Calvary Chapel Bangor

Following a pro-church Supreme Court ruling for California earlier this month, an evangelical church in Orrington, Maine, is renewing its fight against pandemic-related restrictions in that state. Calvary Chapel Bangor says in its new legal filing—a motion for injunctive relief—that Democratic Gov. Janet Mills has imposed “draconian and unconscionable restrictions on religious worship services while exempting myriad secular businesses and gatherings from similar restrictions.”

The independent church, which has been challenging worship restrictions throughout the pandemic, cites the 6-3 SCOTUS ruling on February 5 that lifted a ban against indoor worship in California. Justices did, however, permit officials there to cap gatherings at 25% capacity and to ban singing and chanting to prevent disease spread.

Pastor Ken Graves: Forced Choice Is ‘Unconscionable’

Maine recently replaced its 50-person limit on indoor gatherings with a guideline that’s the same for stores and churches: 50 people maximum or five people per 1,000 square feet (whichever is higher). But Calvary Chapel’s founder, Pastor Ken Graves, says that still limits his congregation to just 50 worshipers. Before the pandemic, its weekly services drew about 1,200 people.

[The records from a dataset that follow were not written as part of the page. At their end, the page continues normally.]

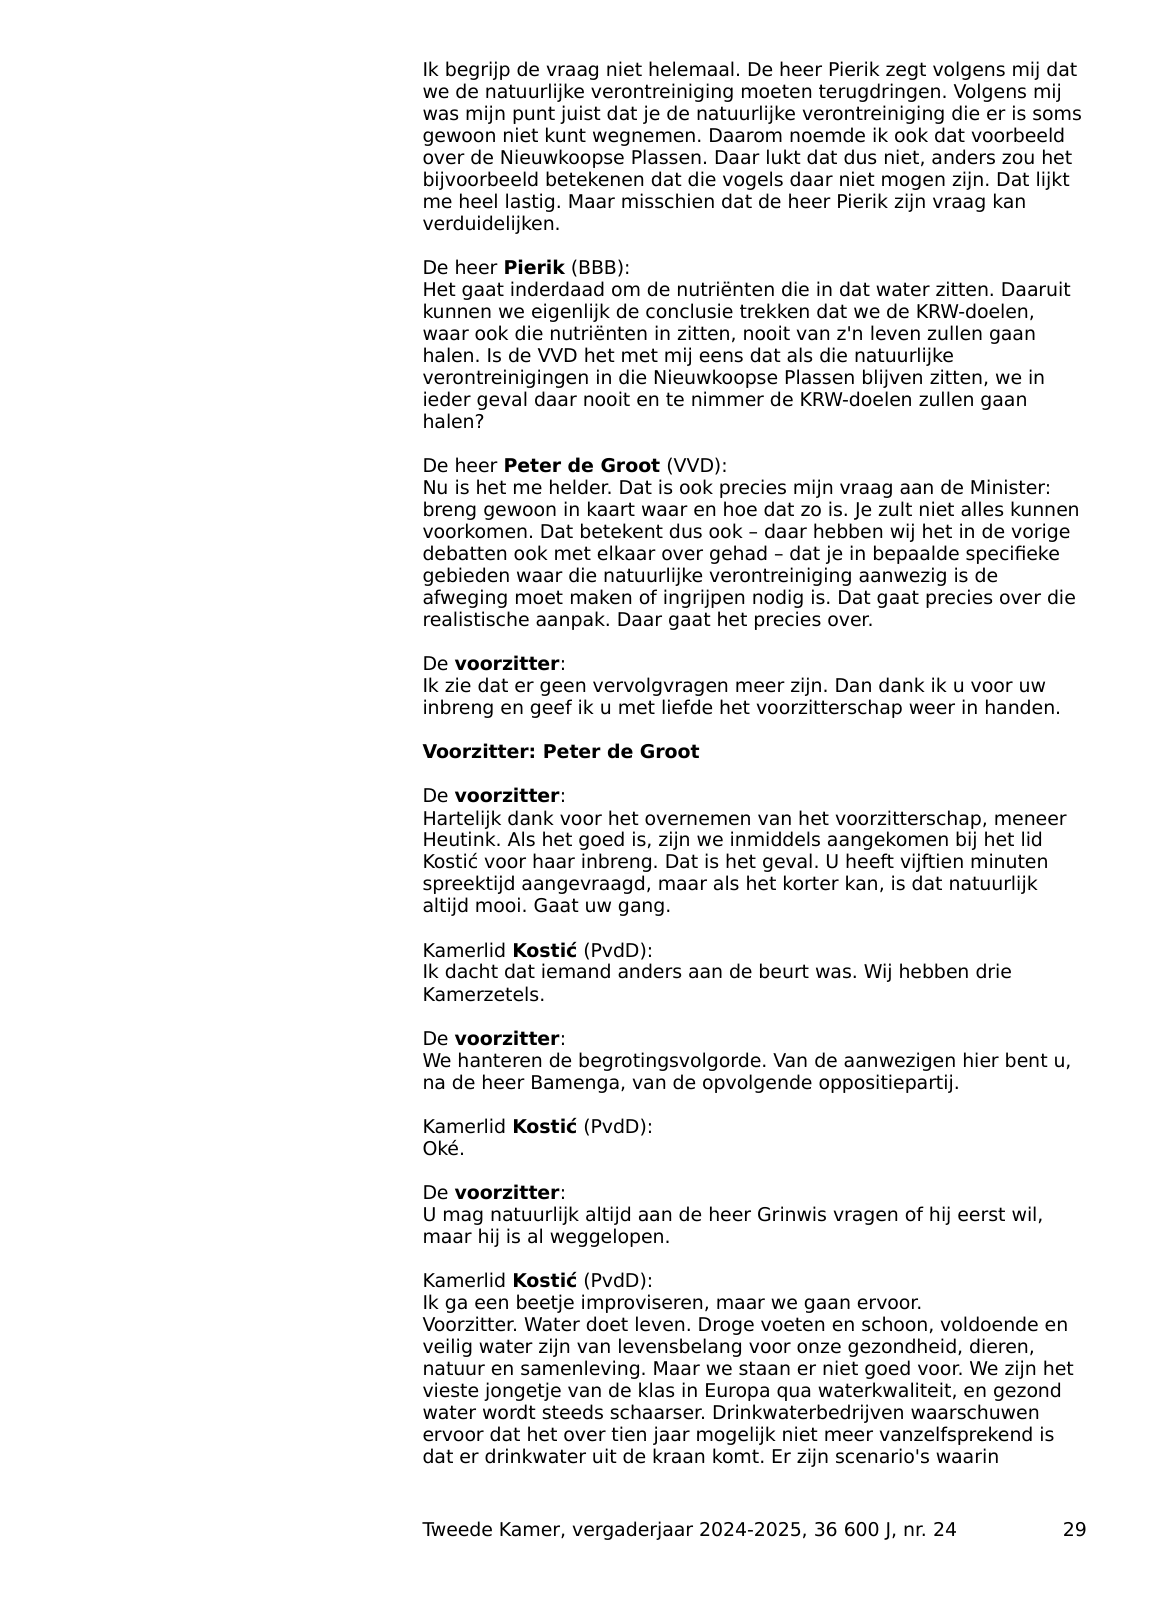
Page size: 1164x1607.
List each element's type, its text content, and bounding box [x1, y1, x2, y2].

text We hanteren de begrotingsvolgorde. Van de aanwezigen hier bent u, na de heer Bamenga, van de opvolgende oppositiepartij. [422, 1049, 1087, 1093]
text Ik begrijp de vraag niet helemaal. De heer Pierik zegt volgens mij dat we de natuurlijke verontreiniging moeten terugdringen. Volgens mij was mijn punt juist dat je de natuurlijke verontreiniging die er is soms gewoon niet kunt wegnemen. Daarom noemde ik ook dat voorbeeld over de Nieuwkoopse Plassen. Daar lukt dat dus niet, anders zou het bijvoorbeeld betekenen dat die vogels daar niet mogen zijn. Dat lijkt me heel lastig. Maar misschien dat de heer Pierik zijn vraag kan verduidelijken. [422, 59, 1087, 235]
text De heer Peter de Groot (VVD): [422, 455, 1087, 477]
text De voorzitter: [422, 653, 1087, 675]
text Ik zie dat er geen vervolgvragen meer zijn. Dan dank ik u voor uw inbreng en geef ik u met liefde het voorzitterschap weer in handen. [422, 675, 1087, 719]
text Kamerlid Kostić (PvdD): [422, 1116, 1087, 1138]
text De heer Pierik (BBB): [422, 257, 1087, 279]
text Oké. [422, 1138, 1087, 1160]
text U mag natuurlijk altijd aan de heer Grinwis vragen of hij eerst wil, maar hij is al weggelopen. [422, 1204, 1087, 1248]
text Kamerlid Kostić (PvdD): [422, 1270, 1087, 1292]
text De voorzitter: [422, 1182, 1087, 1204]
text Ik ga een beetje improviseren, maar we gaan ervoor. [422, 1292, 1087, 1314]
subtitle Voorzitter: Peter de Groot [422, 741, 1087, 763]
text Kamerlid Kostić (PvdD): [422, 939, 1087, 961]
text De voorzitter: [422, 785, 1087, 807]
text Voorzitter. Water doet leven. Droge voeten en schoon, voldoende en veilig water zijn van levensbelang voor onze gezondheid, dieren, natuur en samenleving. Maar we staan er niet goed voor. We zijn het vieste jongetje van de klas in Europa qua waterkwaliteit, en gezond water wordt steeds schaarser. Drinkwaterbedrijven waarschuwen ervoor dat het over tien jaar mogelijk niet meer vanzelfsprekend is dat er drinkwater uit de kraan komt. Er zijn scenario's waarin [422, 1314, 1087, 1468]
text Nu is het me helder. Dat is ook precies mijn vraag aan de Minister: breng gewoon in kaart waar en hoe dat zo is. Je zult niet alles kunnen voorkomen. Dat betekent dus ook – daar hebben wij het in de vorige debatten ook met elkaar over gehad – dat je in bepaalde specifieke gebieden waar die natuurlijke verontreiniging aanwezig is de afweging moet maken of ingrijpen nodig is. Dat gaat precies over die realistische aanpak. Daar gaat het precies over. [422, 477, 1087, 631]
text Het gaat inderdaad om de nutriënten die in dat water zitten. Daaruit kunnen we eigenlijk de conclusie trekken dat we de KRW-doelen, waar ook die nutriënten in zitten, nooit van z'n leven zullen gaan halen. Is de VVD het met mij eens dat als die natuurlijke verontreinigingen in die Nieuwkoopse Plassen blijven zitten, we in ieder geval daar nooit en te nimmer de KRW-doelen zullen gaan halen? [422, 279, 1087, 433]
text Hartelijk dank voor het overnemen van het voorzitterschap, meneer Heutink. Als het goed is, zijn we inmiddels aangekomen bij het lid Kostić voor haar inbreng. Dat is het geval. U heeft vijftien minuten spreektijd aangevraagd, maar als het korter kan, is dat natuurlijk altijd mooi. Gaat uw gang. [422, 807, 1087, 917]
text De voorzitter: [422, 1028, 1087, 1049]
text Ik dacht dat iemand anders aan de beurt was. Wij hebben drie Kamerzetels. [422, 961, 1087, 1005]

Threatening churchgoers with fines puts them in a scary bind, Graves says. “In a country born on the desire to be free and with the right to worship fundamentally enshrined in our First Amendment,” says the pastor, “forcing such a Hobson’s choice is unconscionable and frightening.”

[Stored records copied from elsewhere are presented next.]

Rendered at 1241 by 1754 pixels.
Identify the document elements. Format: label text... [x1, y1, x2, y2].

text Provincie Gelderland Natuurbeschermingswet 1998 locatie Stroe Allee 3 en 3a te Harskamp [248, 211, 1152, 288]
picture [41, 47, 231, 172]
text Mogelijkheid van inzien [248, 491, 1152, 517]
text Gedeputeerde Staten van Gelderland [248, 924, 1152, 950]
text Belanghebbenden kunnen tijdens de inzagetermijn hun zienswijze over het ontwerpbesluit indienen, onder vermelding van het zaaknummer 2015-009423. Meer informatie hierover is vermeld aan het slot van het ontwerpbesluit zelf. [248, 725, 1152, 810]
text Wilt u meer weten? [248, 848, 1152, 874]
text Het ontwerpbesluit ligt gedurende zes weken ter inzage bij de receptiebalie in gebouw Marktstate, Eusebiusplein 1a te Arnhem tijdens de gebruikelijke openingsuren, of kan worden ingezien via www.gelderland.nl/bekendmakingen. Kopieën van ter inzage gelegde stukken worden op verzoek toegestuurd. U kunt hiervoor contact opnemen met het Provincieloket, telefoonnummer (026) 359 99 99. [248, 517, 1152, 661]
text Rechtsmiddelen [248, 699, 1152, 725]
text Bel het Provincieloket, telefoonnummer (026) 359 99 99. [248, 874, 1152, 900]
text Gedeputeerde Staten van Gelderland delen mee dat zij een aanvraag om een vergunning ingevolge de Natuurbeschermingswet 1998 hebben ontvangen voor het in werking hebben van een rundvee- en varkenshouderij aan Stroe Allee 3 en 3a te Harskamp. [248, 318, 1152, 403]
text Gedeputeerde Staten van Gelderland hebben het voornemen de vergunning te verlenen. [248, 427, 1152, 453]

Calvary Chapel Bangor operates addiction-recovery programs and requires the 48 residents of its facilities to attend worship weekly. The church’s “fundamental and sincerely held religious beliefs compel [members] to gather together, to study the Bible together, to fellowship together, to pray for one another and with one another in person, to lay hands on the sick, to baptize, and to disciple the residents” of the recovery program, says Graves.

A decision on the motion is expected by the end of March.

Graves: Worship is ‘a spiritual necessity’

Calvary Chapel’s legal challenge began last spring, when Gov. Mills imposed a 10-person limit on gatherings. When about 75 worshipers met for an “illegal” outdoor service in May, Graves told them, “It is a spiritual necessity, whether our governor thinks so or not. It’s a spiritual necessity for us to come together, and it is the freedom to do that and the right to do that we stand—that we sit—for here today.”

Graves, who has questioned the coronavirus death count, accuses the government of overreacting. “Our energies should be focused on protecting the vulnerable,” he said in May. “Our government has determined instead to place the whole state under house arrest and has ordered you to become poorer in the name of protecting some.”

Maine’s Catholic leaders aren’t happy about the restrictions either. Last week, Bishop Robert Deeley of the Roman Catholic Diocese of Portland called the revised guideline “totally unacceptable,” saying it “does nothing to provide relief to our parishes and parishioners.” Deeley says he’d prefer a percentage model, citing nearby states that permit indoor services at 50% capacity. “It is difficult to understand [Maine’s] position when we have shown that we can successfully operate our churches and schools,” he adds.